------ The records
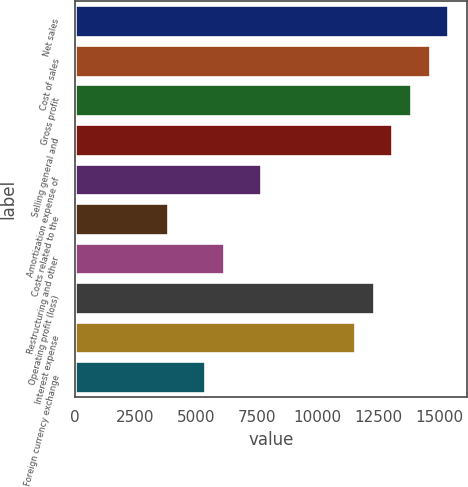Convert chart. <chart><loc_0><loc_0><loc_500><loc_500><bar_chart><fcel>Net sales<fcel>Cost of sales<fcel>Gross profit<fcel>Selling general and<fcel>Amortization expense of<fcel>Costs related to the<fcel>Restructuring and other<fcel>Operating profit (loss)<fcel>Interest expense<fcel>Foreign currency exchange<nl><fcel>15381.4<fcel>14612.3<fcel>13843.2<fcel>13074.2<fcel>7690.76<fcel>3845.46<fcel>6152.64<fcel>12305.1<fcel>11536.1<fcel>5383.58<nl></chart> 
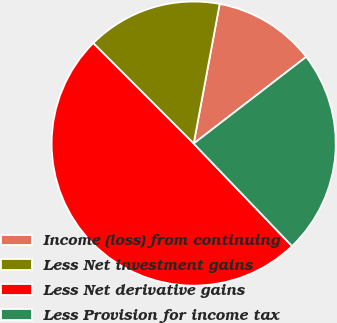Convert chart. <chart><loc_0><loc_0><loc_500><loc_500><pie_chart><fcel>Income (loss) from continuing<fcel>Less Net investment gains<fcel>Less Net derivative gains<fcel>Less Provision for income tax<nl><fcel>11.62%<fcel>15.43%<fcel>49.67%<fcel>23.28%<nl></chart> 
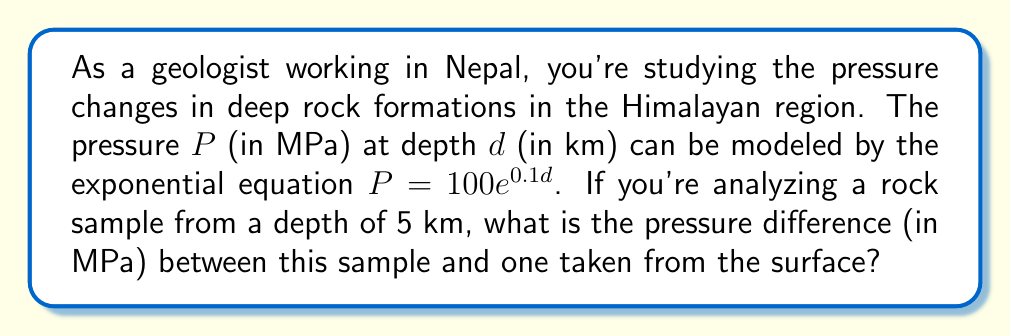Provide a solution to this math problem. To solve this problem, we need to:
1. Calculate the pressure at 5 km depth
2. Calculate the pressure at the surface (0 km depth)
3. Find the difference between these two pressures

Step 1: Pressure at 5 km depth
$$P_{5km} = 100e^{0.1(5)}$$
$$P_{5km} = 100e^{0.5}$$
$$P_{5km} = 100 \cdot 1.6487$$
$$P_{5km} = 164.87 \text{ MPa}$$

Step 2: Pressure at the surface (0 km depth)
$$P_{0km} = 100e^{0.1(0)}$$
$$P_{0km} = 100e^0$$
$$P_{0km} = 100 \cdot 1$$
$$P_{0km} = 100 \text{ MPa}$$

Step 3: Pressure difference
$$\Delta P = P_{5km} - P_{0km}$$
$$\Delta P = 164.87 - 100$$
$$\Delta P = 64.87 \text{ MPa}$$
Answer: The pressure difference between the rock sample at 5 km depth and the surface is 64.87 MPa. 
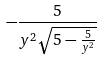Convert formula to latex. <formula><loc_0><loc_0><loc_500><loc_500>- \frac { 5 } { y ^ { 2 } \sqrt { 5 - \frac { 5 } { y ^ { 2 } } } }</formula> 
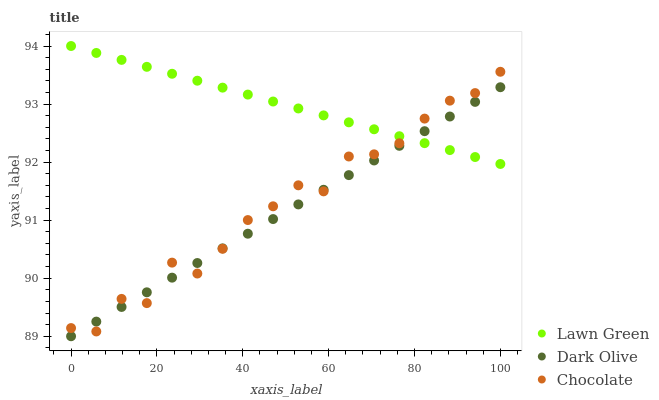Does Dark Olive have the minimum area under the curve?
Answer yes or no. Yes. Does Lawn Green have the maximum area under the curve?
Answer yes or no. Yes. Does Chocolate have the minimum area under the curve?
Answer yes or no. No. Does Chocolate have the maximum area under the curve?
Answer yes or no. No. Is Dark Olive the smoothest?
Answer yes or no. Yes. Is Chocolate the roughest?
Answer yes or no. Yes. Is Chocolate the smoothest?
Answer yes or no. No. Is Dark Olive the roughest?
Answer yes or no. No. Does Dark Olive have the lowest value?
Answer yes or no. Yes. Does Chocolate have the lowest value?
Answer yes or no. No. Does Lawn Green have the highest value?
Answer yes or no. Yes. Does Chocolate have the highest value?
Answer yes or no. No. Does Chocolate intersect Dark Olive?
Answer yes or no. Yes. Is Chocolate less than Dark Olive?
Answer yes or no. No. Is Chocolate greater than Dark Olive?
Answer yes or no. No. 
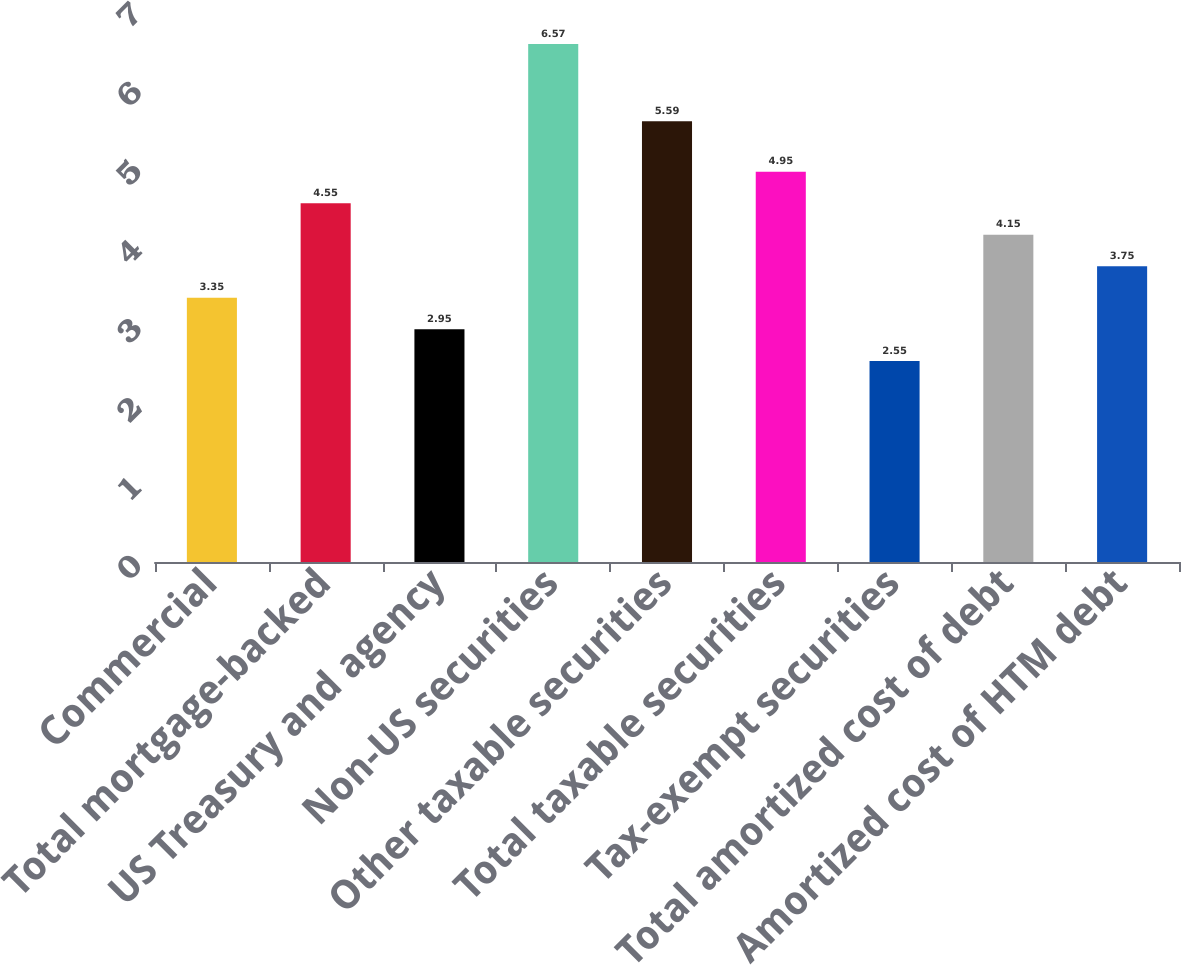Convert chart. <chart><loc_0><loc_0><loc_500><loc_500><bar_chart><fcel>Commercial<fcel>Total mortgage-backed<fcel>US Treasury and agency<fcel>Non-US securities<fcel>Other taxable securities<fcel>Total taxable securities<fcel>Tax-exempt securities<fcel>Total amortized cost of debt<fcel>Amortized cost of HTM debt<nl><fcel>3.35<fcel>4.55<fcel>2.95<fcel>6.57<fcel>5.59<fcel>4.95<fcel>2.55<fcel>4.15<fcel>3.75<nl></chart> 
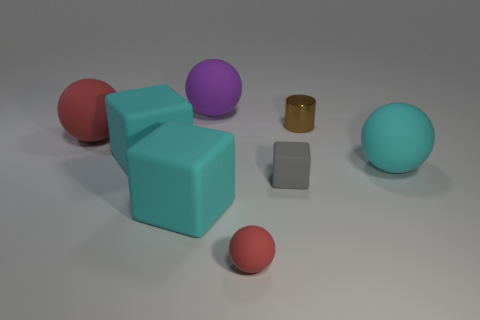What is the size of the cyan sphere that is made of the same material as the large purple object?
Give a very brief answer. Large. Is there a matte ball of the same color as the tiny block?
Your response must be concise. No. Does the purple rubber ball have the same size as the sphere to the right of the metal object?
Your answer should be very brief. Yes. There is a cyan thing that is behind the large cyan matte object that is on the right side of the big purple rubber ball; what number of balls are right of it?
Keep it short and to the point. 3. What size is the thing that is the same color as the small rubber ball?
Make the answer very short. Large. There is a brown cylinder; are there any large objects right of it?
Provide a succinct answer. Yes. There is a gray matte thing; what shape is it?
Give a very brief answer. Cube. The red thing that is right of the matte sphere behind the red object on the left side of the purple matte object is what shape?
Your answer should be very brief. Sphere. How many other objects are there of the same shape as the small gray matte object?
Your answer should be compact. 2. What is the material of the large cyan thing that is to the right of the large thing that is in front of the gray thing?
Ensure brevity in your answer.  Rubber. 
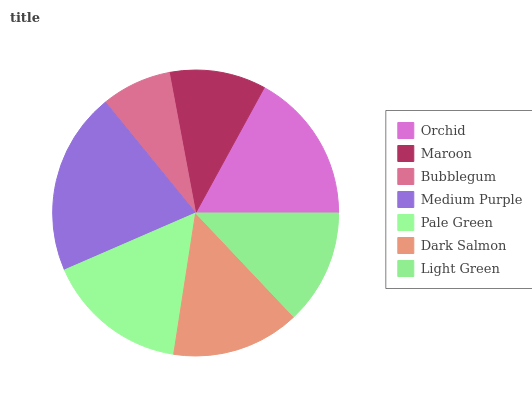Is Bubblegum the minimum?
Answer yes or no. Yes. Is Medium Purple the maximum?
Answer yes or no. Yes. Is Maroon the minimum?
Answer yes or no. No. Is Maroon the maximum?
Answer yes or no. No. Is Orchid greater than Maroon?
Answer yes or no. Yes. Is Maroon less than Orchid?
Answer yes or no. Yes. Is Maroon greater than Orchid?
Answer yes or no. No. Is Orchid less than Maroon?
Answer yes or no. No. Is Dark Salmon the high median?
Answer yes or no. Yes. Is Dark Salmon the low median?
Answer yes or no. Yes. Is Orchid the high median?
Answer yes or no. No. Is Orchid the low median?
Answer yes or no. No. 
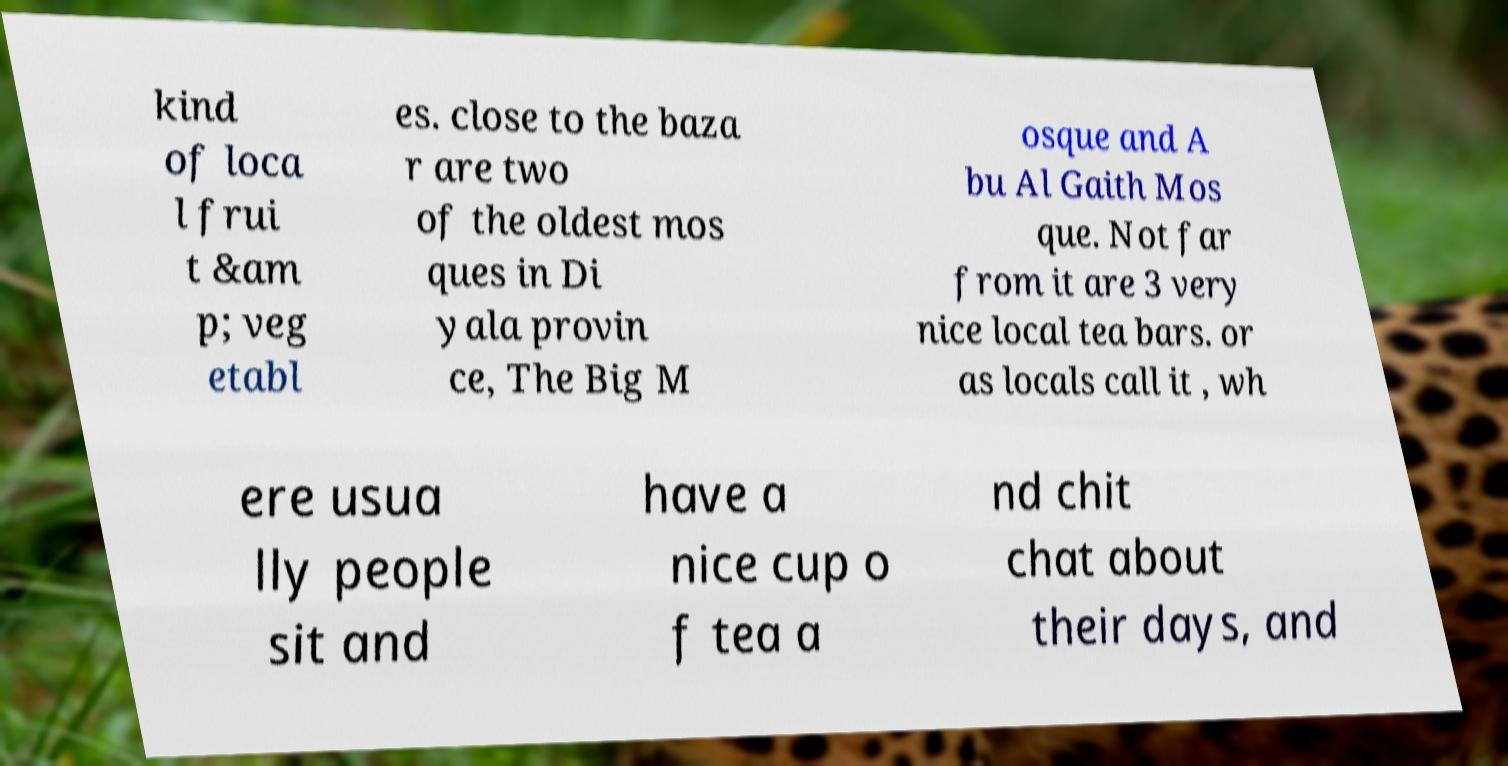For documentation purposes, I need the text within this image transcribed. Could you provide that? kind of loca l frui t &am p; veg etabl es. close to the baza r are two of the oldest mos ques in Di yala provin ce, The Big M osque and A bu Al Gaith Mos que. Not far from it are 3 very nice local tea bars. or as locals call it , wh ere usua lly people sit and have a nice cup o f tea a nd chit chat about their days, and
------------
• **Task**:
Looking at the data above, show all lines where the word "Give" occurs.

• **Reply to the task**:
Give a very brief answer. Large. Is there a matte ball of the same color as the tiny block?
Give a very brief answer. Cube. The red thing that is right of the matte sphere behind the red object on the left side of the purple matte object is what shape?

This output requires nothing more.